Vor 10 Jahren, im Sommer 2001 reisten zehntausende junger Aktivist_innen quer durch Europa um gegen den EU-Gipfel im schwedischen Göteborg und gegen den G8-Gipfel im italenischen Genua zu protestieren. Die noch junge Antiglobalisierungsbewegung befand sich auf ihrem ersten Höhepunkt und brauchte zehntausender Menschen aus unterschiedlichen sozialen Bewegungen zusammen um gegen die globalen Eigentumsverhältnisse zu rebellieren. Die europäischen Staaten reagierten auf die Massenproteste mit der Einschränkung der Reisefreiheit und dem Einsatz massiver Polizeigewalt. Sowohl beim schwedischen EU-Gipfel in Göteborg am 15.Juni 2001 wie auch beim italenischen G8-Gipfel in Göteborg setzte die Polizei scharfe Waffen gegen linke Demonstranten ein. In Göteborg wurden mehrere jungen Demonstranten zum Teil lebensgefährlich verletzt, in Genua wurde der 20 jährige Aktivist Carlo Guiliani von einem Polizeibeamten aus nächster Nähe erschossen und anschliessend überfahren. Mit Referaten, einer Ausstellung und Filmen wollen wir an die Ereignisse vor 10 Jahren und den Tot von Carlo Guiliani erinnern.

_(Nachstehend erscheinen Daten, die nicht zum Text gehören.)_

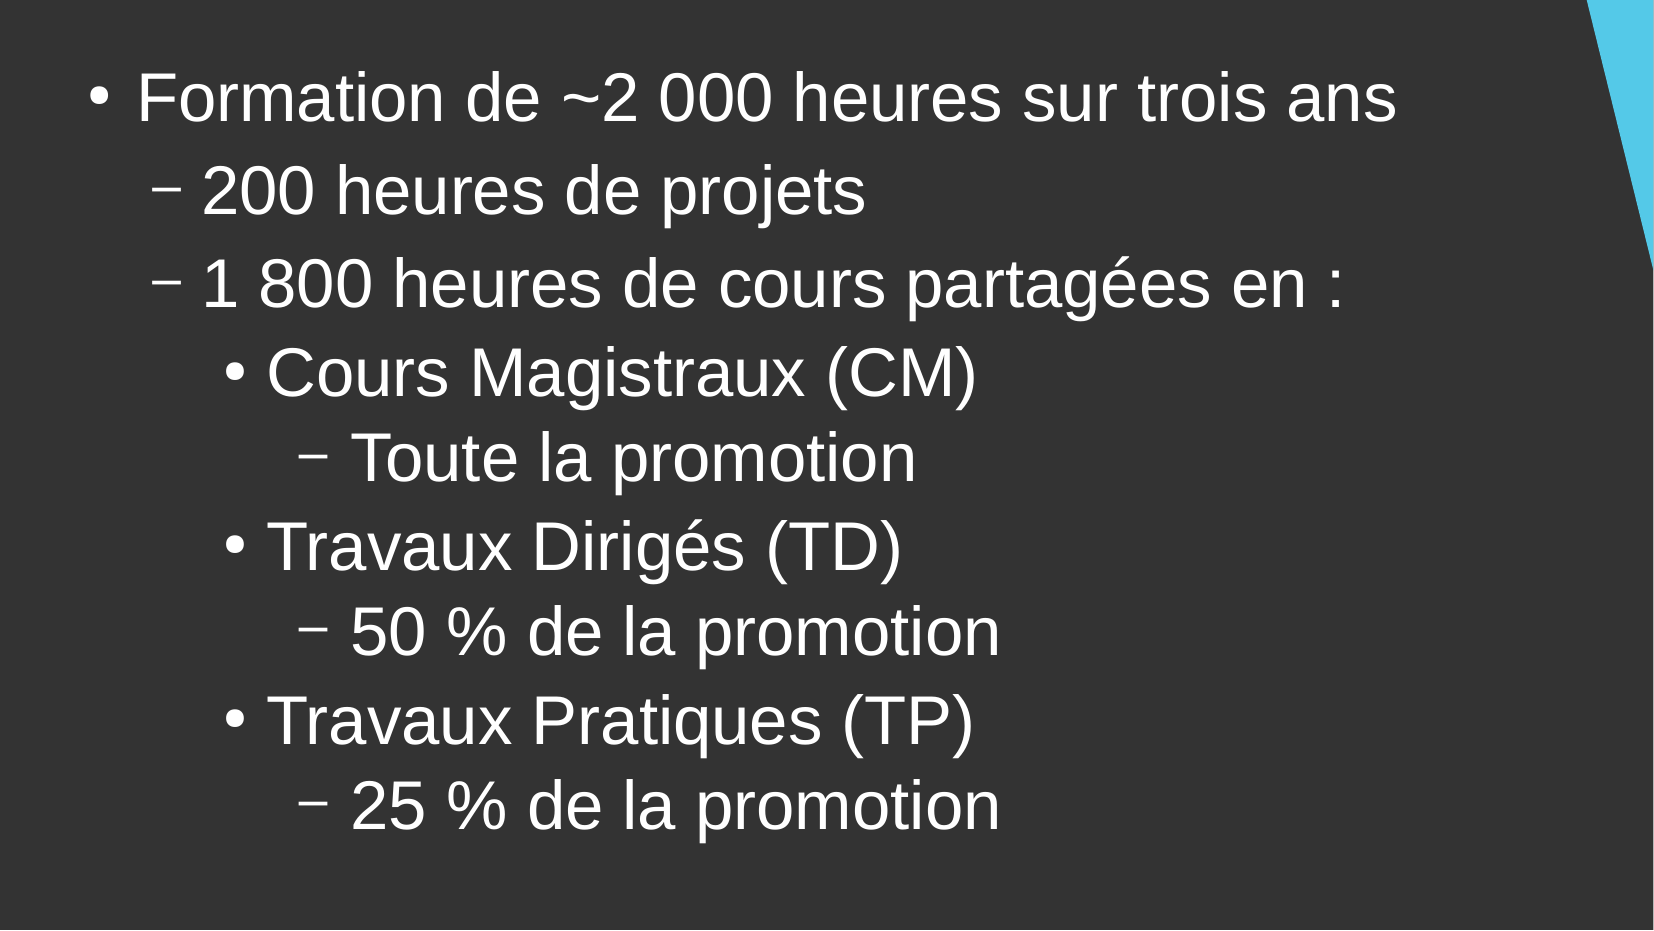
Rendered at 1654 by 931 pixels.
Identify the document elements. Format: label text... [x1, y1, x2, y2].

list Formation de ~2 000 heures sur trois ans 200 heures de projets 1 800 heures de cours partagées en : Cours Magistraux (CM) Toute la promotion Travaux Dirigés (TD) 50 % de la promotion Travaux Pratiques (TP) 25 % de la promotion [70, 59, 1642, 851]
text_box [1586, 0, 1654, 273]
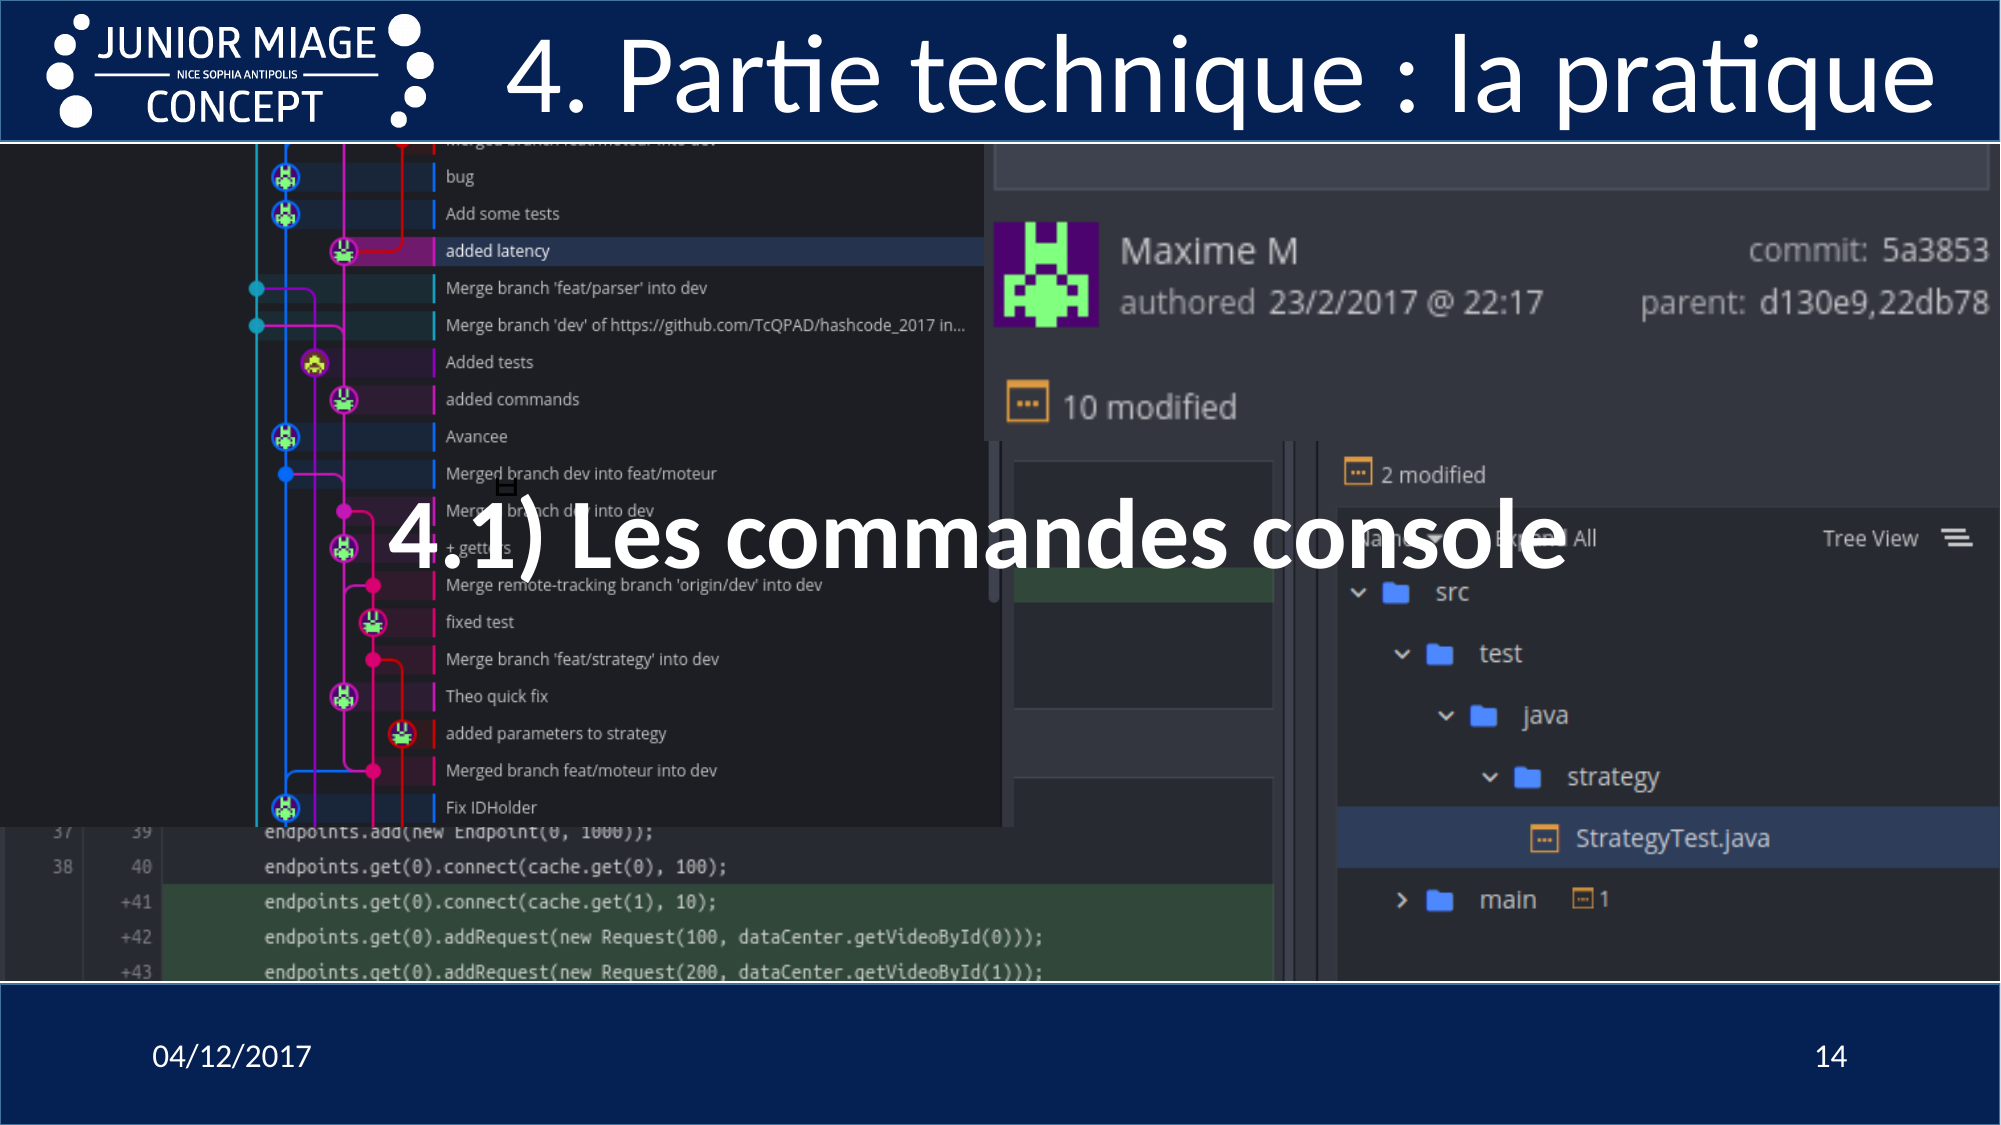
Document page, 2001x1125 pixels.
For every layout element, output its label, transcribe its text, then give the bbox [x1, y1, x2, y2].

text_box 4. Partie technique : la pratique [389, 0, 2000, 144]
picture [0, 144, 2000, 981]
slide_number 04/12/2017 [137, 1024, 588, 1085]
picture [18, 10, 389, 131]
slide_number 17 [1412, 1024, 1863, 1085]
text_box 4.1) Les commandes console [373, 486, 2000, 957]

Freitag | 8. Juli | 17:30 | Zielona Gora | Grünberger Str.72

8.Juli: Griechenland – zwischen Ausverkauf und Revolte


Während in Griechenland ein Generalstreik den nächsten jagt und die sozialdemokratische Regierung beim durchexerzieren des deutsch-europäischen Spardiktates durchaus so ihre Problemchen hat, wird in Deutschland durch die führenden Meinungsmonopole wieder verstärkt die Angst vor der faulen Griechen geschürt, für deren ausufernden Ouzo-Feten und öffentlichen Beschäftigungsbereich der deutschen Steuerzahler noch teuer bezahlen wird (Hans Olaf Henkel). Angesichts der ganzen Panik wollen wir uns ein wenig mit den aktuellen Klassenauseinandersetzungen in Griechenland und der Krisenpolitik des deutschen Imperialismus beschäftigen. Anschliessend ARAB-Tresen mit Musik, Getränken und ausgeprägter Krisen-Stimmung.


Freitag | 8.Juli | 20 Uhr | Stadtteiladen „Zielona Gora“ | Grünberger Str.72 | F-Hain

Generalstreik am 15.Juni | Generalstreik am 11.Mai | Solidemo in Berlin

4.Juli: Friedensprozess oder Volkskrieg in Kurdistan?

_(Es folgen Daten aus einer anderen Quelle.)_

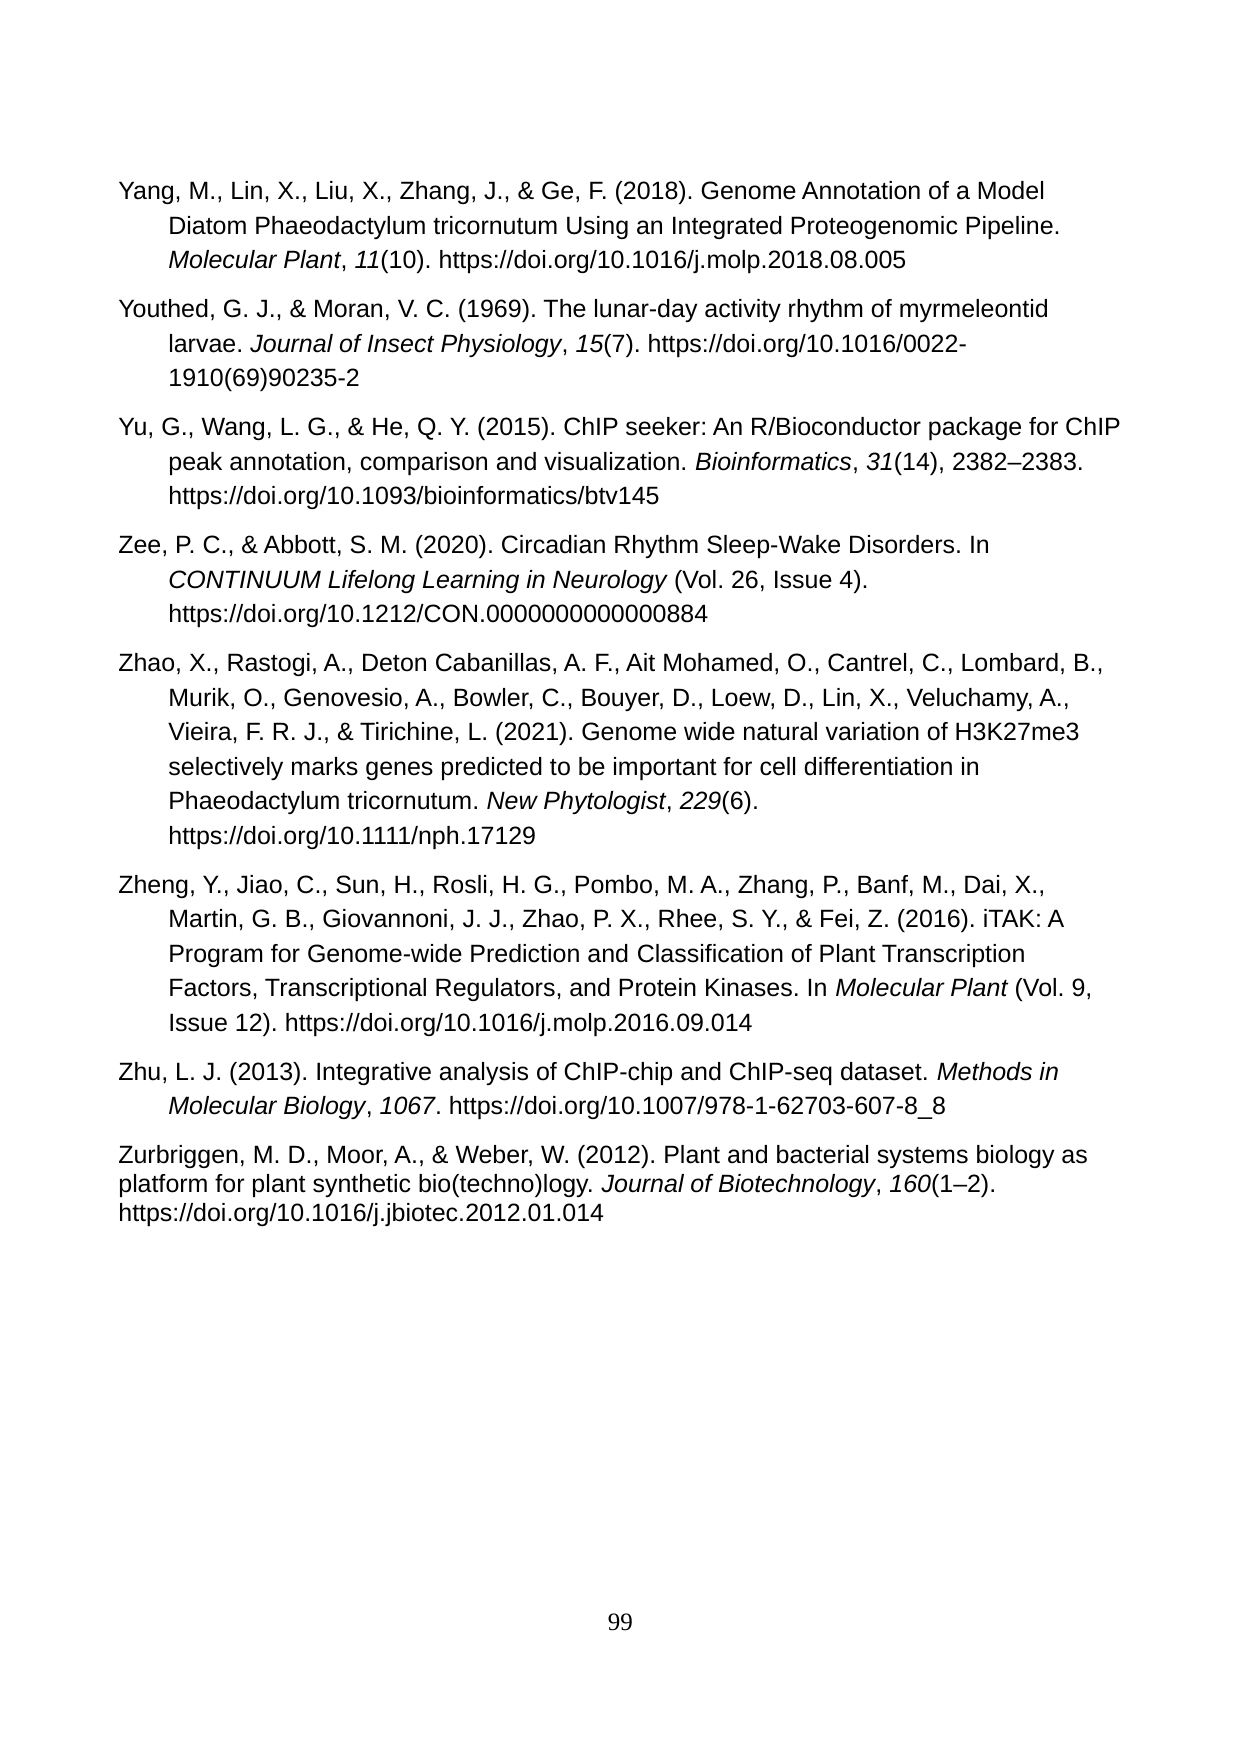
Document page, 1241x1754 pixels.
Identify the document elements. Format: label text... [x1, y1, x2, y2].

text Yu, G., Wang, L. G., & He, Q. Y. (2015). ChIP seeker: An R/Bioconductor package for ChIP peak annotation, comparison and visualization. Bioinformatics, 31(14), 2382–2383. https://doi.org/10.1093/bioinformatics/btv145 [118, 412, 1122, 510]
text Zheng, Y., Jiao, C., Sun, H., Rosli, H. G., Pombo, M. A., Zhang, P., Banf, M., Dai, X., Martin, G. B., Giovannoni, J. J., Zhao, P. X., Rhee, S. Y., & Fei, Z. (2016). iTAK: A Program for Genome-wide Prediction and Classification of Plant Transcription Factors, Transcriptional Regulators, and Protein Kinases. In Molecular Plant (Vol. 9, Issue 12). https://doi.org/10.1016/j.molp.2016.09.014 [118, 870, 1122, 1037]
text Yang, M., Lin, X., Liu, X., Zhang, J., & Ge, F. (2018). Genome Annotation of a Model Diatom Phaeodactylum tricornutum Using an Integrated Proteogenomic Pipeline. Molecular Plant, 11(10). https://doi.org/10.1016/j.molp.2018.08.005 [118, 176, 1122, 274]
text Zhu, L. J. (2013). Integrative analysis of ChIP-chip and ChIP-seq dataset. Methods in Molecular Biology, 1067. https://doi.org/10.1007/978-1-62703-607-8_8 [118, 1057, 1122, 1120]
text Zurbriggen, M. D., Moor, A., & Weber, W. (2012). Plant and bacterial systems biology as platform for plant synthetic bio(techno)logy. Journal of Biotechnology, 160(1–2). https://doi.org/10.1016/j.jbiotec.2012.01.014 [118, 1140, 1122, 1227]
text Youthed, G. J., & Moran, V. C. (1969). The lunar-day activity rhythm of myrmeleontid larvae. Journal of Insect Physiology, 15(7). https://doi.org/10.1016/0022-1910(69)90235-2 [118, 294, 1122, 392]
text Zee, P. C., & Abbott, S. M. (2020). Circadian Rhythm Sleep-Wake Disorders. In CONTINUUM Lifelong Learning in Neurology (Vol. 26, Issue 4). https://doi.org/10.1212/CON.0000000000000884 [118, 530, 1122, 628]
text Zhao, X., Rastogi, A., Deton Cabanillas, A. F., Ait Mohamed, O., Cantrel, C., Lombard, B., Murik, O., Genovesio, A., Bowler, C., Bouyer, D., Loew, D., Lin, X., Veluchamy, A., Vieira, F. R. J., & Tirichine, L. (2021). Genome wide natural variation of H3K27me3 selectively marks genes predicted to be important for cell differentiation in Phaeodactylum tricornutum. New Phytologist, 229(6). https://doi.org/10.1111/nph.17129 [118, 648, 1122, 849]

Beim internationalistischen Abend, der seit 10 Jahren Montags linke Kultur und informationen über die revolutionären Befreiungskämpfe überall auf der Welt zu bieten hat, wird es am am 4.Juli in Zusammenarbeit mit dem Kurdistan Solidaritätskomitee Berlin eine Informationsveranstaltung über die Wahl und die aktuelle Situation in den kurdischen Gebieten der Türkei geben. Teilnehmer_innen einer internationalen Wahlbeobachtungsdelegation berichten über die aktuelle Situation und ihre Erfahrungen während der Zeit in Kurdistan ab 20: 30. Schon ab 20 Uhr bietet der internationalistische Abend kurdische Volxküche, nach der Veranstaltung gibt es Solitresen, Politmucke und es ist erlaubt kostenfrei den Tischfussballtisch zu gebrauchen.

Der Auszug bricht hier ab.